Thanks for the question Hartaj. It's a little too early to speculate. We had three very good quarters as we've seen we have updated the guidance as we got more visibility and the trajectory of the launch. And as we get more information, perhaps at JP Morgan we'll be able to provide more guidance. But at this point it's too early to speculate.
Thank you. And our next question comes from the line of Gena Wang of Barclays. Your line is now open.
Thank you for taking my question. The first one is regarding EXONDYS 51 launch in the US. 40% to 50% of patients opted have quit. Just wondering what is the breakdown of these patients on Medicaid and commercial care?
Yes, actually Gena. Thanks for the question. But I don't have the actual breakdown from a port standpoint from commercial to Medicaid. But I can tell you it's been pretty universal right from the beginning from right at the start, the ports came out of left field and it was all kids.
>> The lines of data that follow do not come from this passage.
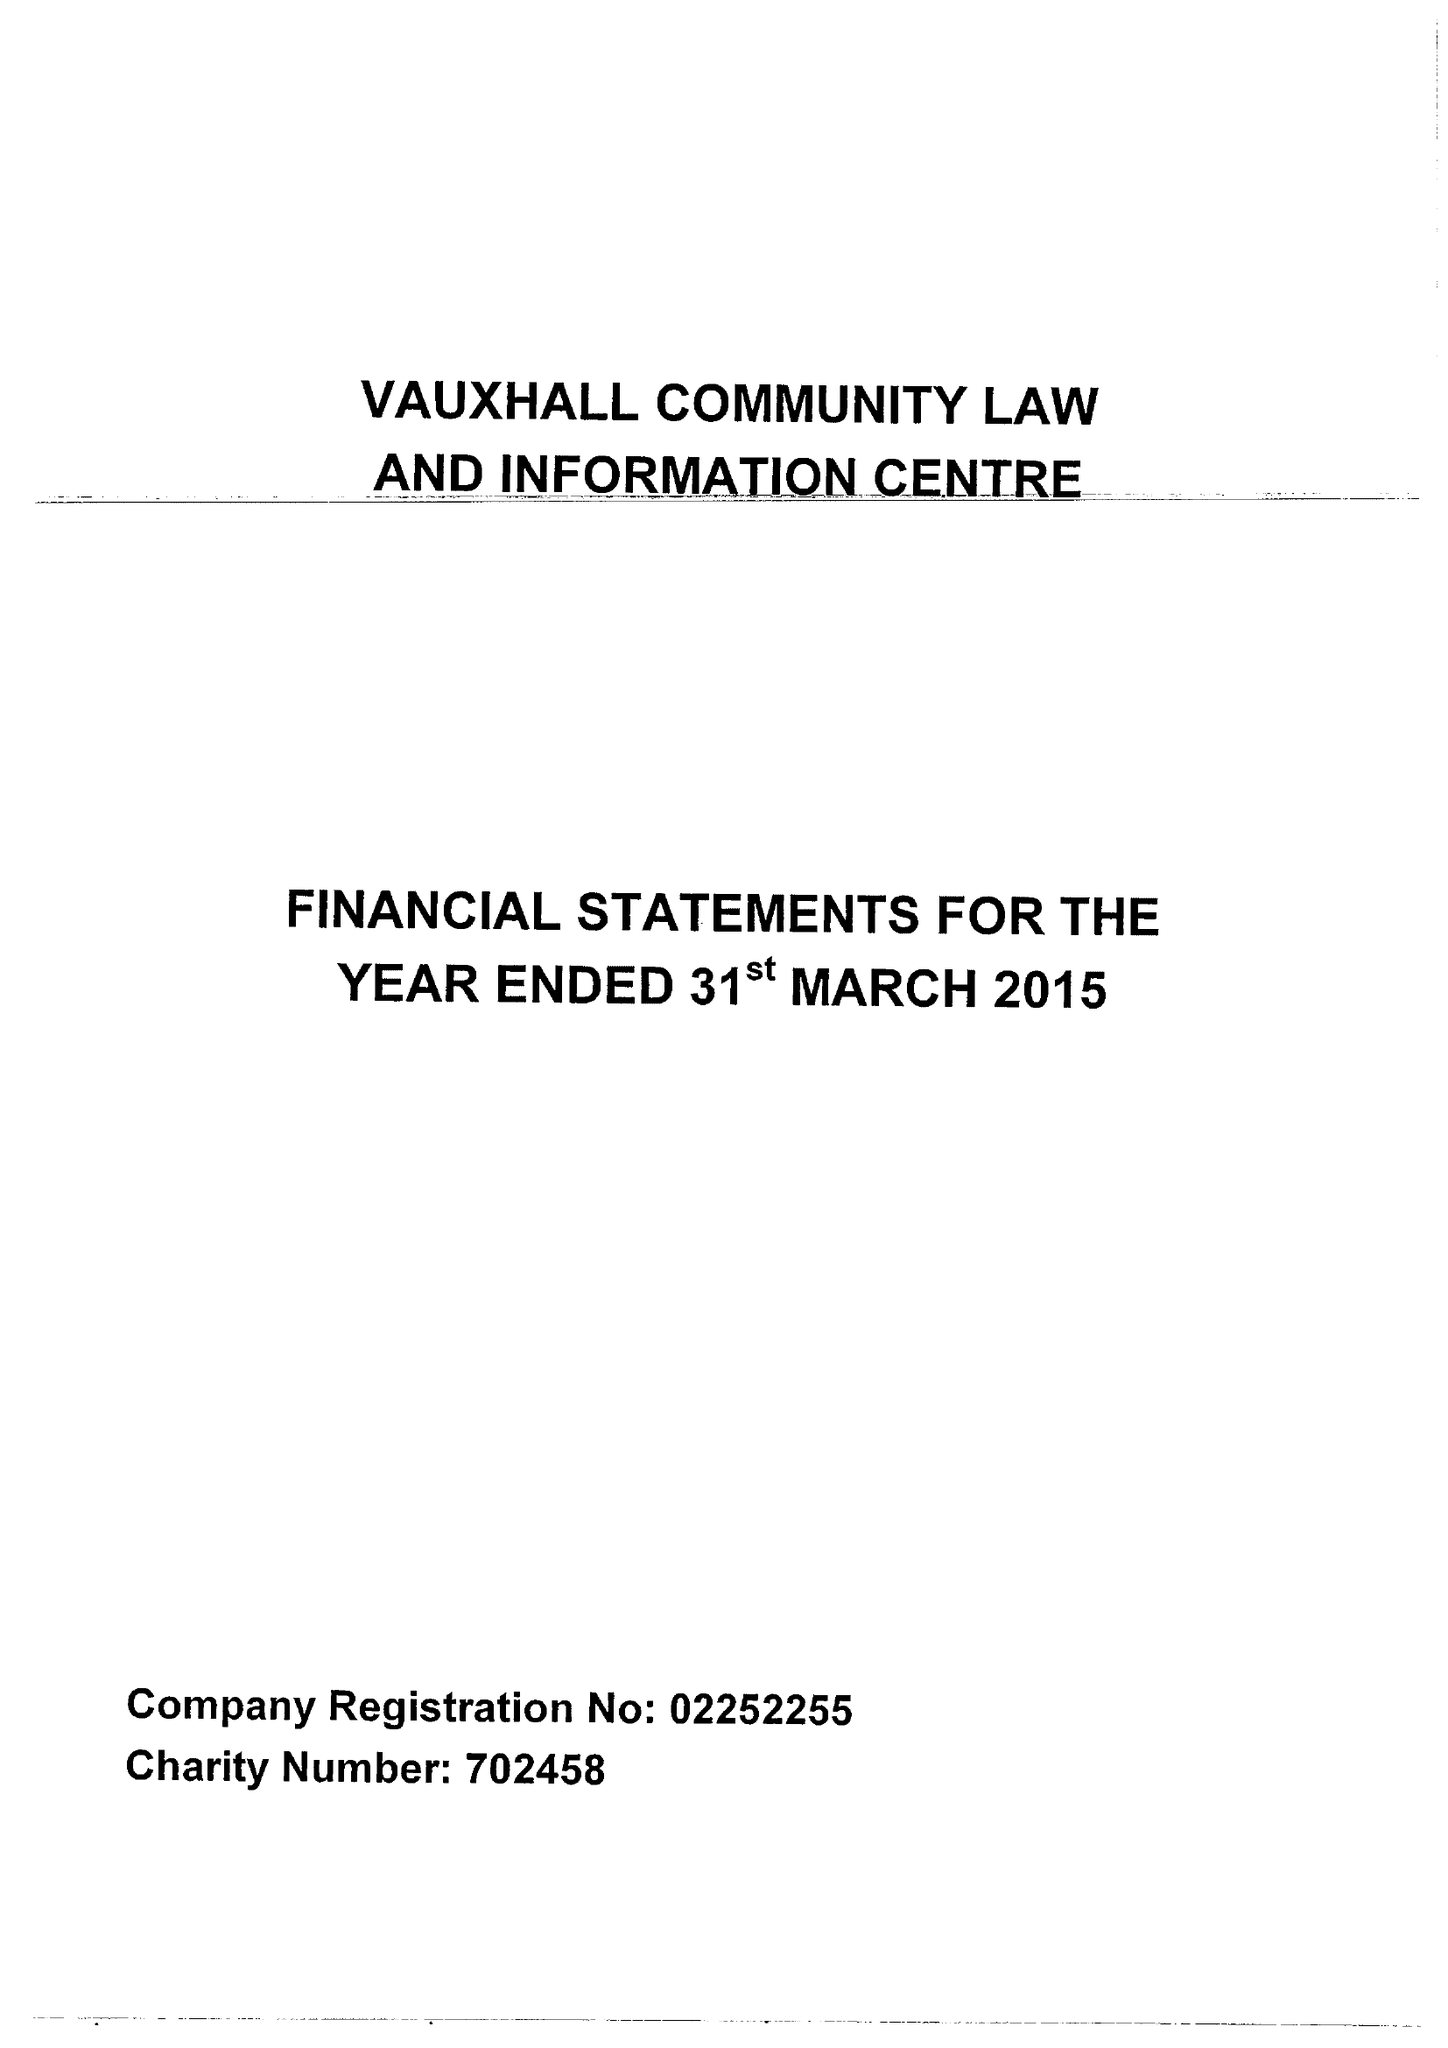What is the value for the address__street_line?
Answer the question using a single word or phrase. BLENHEIM STREET 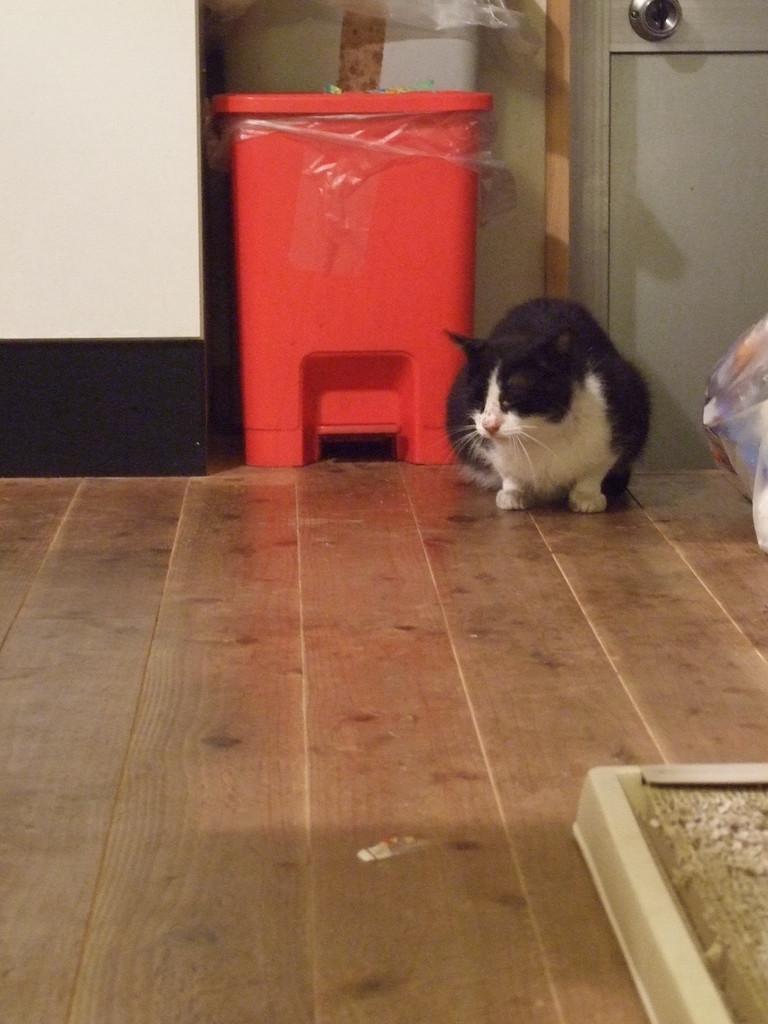Can you describe this image briefly? In this image there is a floor in the bottom of this image and there is a black and white cat on the right side of this image and there is a wall in the background. There is a red color object is kept on the top of this image. 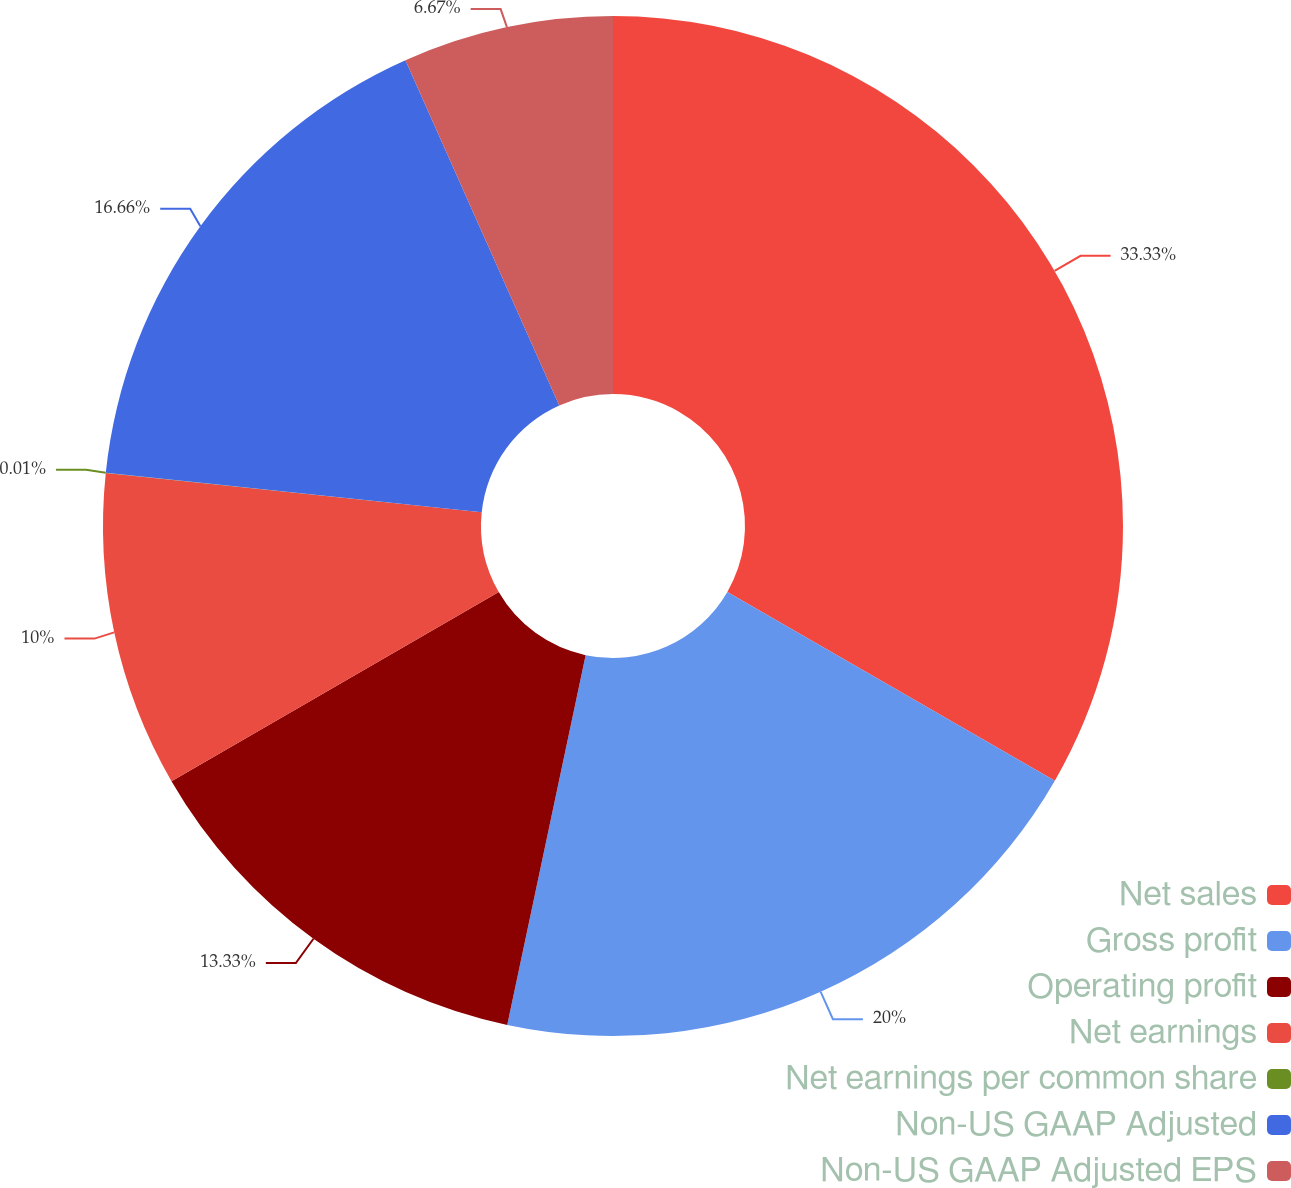Convert chart to OTSL. <chart><loc_0><loc_0><loc_500><loc_500><pie_chart><fcel>Net sales<fcel>Gross profit<fcel>Operating profit<fcel>Net earnings<fcel>Net earnings per common share<fcel>Non-US GAAP Adjusted<fcel>Non-US GAAP Adjusted EPS<nl><fcel>33.32%<fcel>20.0%<fcel>13.33%<fcel>10.0%<fcel>0.01%<fcel>16.66%<fcel>6.67%<nl></chart>

It was lot of kids. So, I am assuming the mix is going to be the same, because really, it's about the disease progression with the child and whether they can find the veins or not has been uniform across the spectrum of ages. So, I don't have the breakdown for Medicaid, but you can assume it's roughly split.
I see. Okay and just a very quick question regarding the European filing. Can you remind us the data that were included in the submission package and for the ex-US launch, which countries you can launch with FDA approval and which countries you will have to depend on the European approval?
Well, there is two things. First, the application itself. So, the application is a fulsome robust discussion of all the clinical data that we have around EXONDYS 51. So, it is not merely an example of biological data, its functional data. We have obviously dystrophin production is important. We have good backgrounders on things like exon 44 amenable children alike then we go into clinical data. We've got information on the 6-minute walk, time to loss of ambulation, we have some recent data that we have yet to publish, but we are working on that. But some good data on pulmonary function test it will support the approval process. It is a very robust discussion of clinical data generally. As relates to launch countries they're really in Europe in particular there are really aren't any countries that one could commercially launched a drug without an approval so it's a really commercially launch the drug will be depended upon a positive response from EMA and then working throughout the reimbursement issues in individual countries. In the interim, we do have a Managed Access. The Managed Access Program is broadly across the world we've got European countries, we've got Middle East, North Africa, South America, Asia. But that's not a commercial launch, although there is we do sell the drug in that situation. It's not a commercial launch for name patient basis and we've rolled this out in two waves over the last couple of months.
Thank you. I'm showing no further questions at this time. I would like to turn the conference back over to Doug Ingraham, President and Chief Executive Officer for closing remarks.
Thank you everyone for joining today's call. We look forward to updating you on our ongoing progress in the company -- coming months and with that I would ask you all have a good evening.
Ladies and gentlemen, thank you for your participation in today's conference this concludes the program you may now disconnect. Everyone have a great day.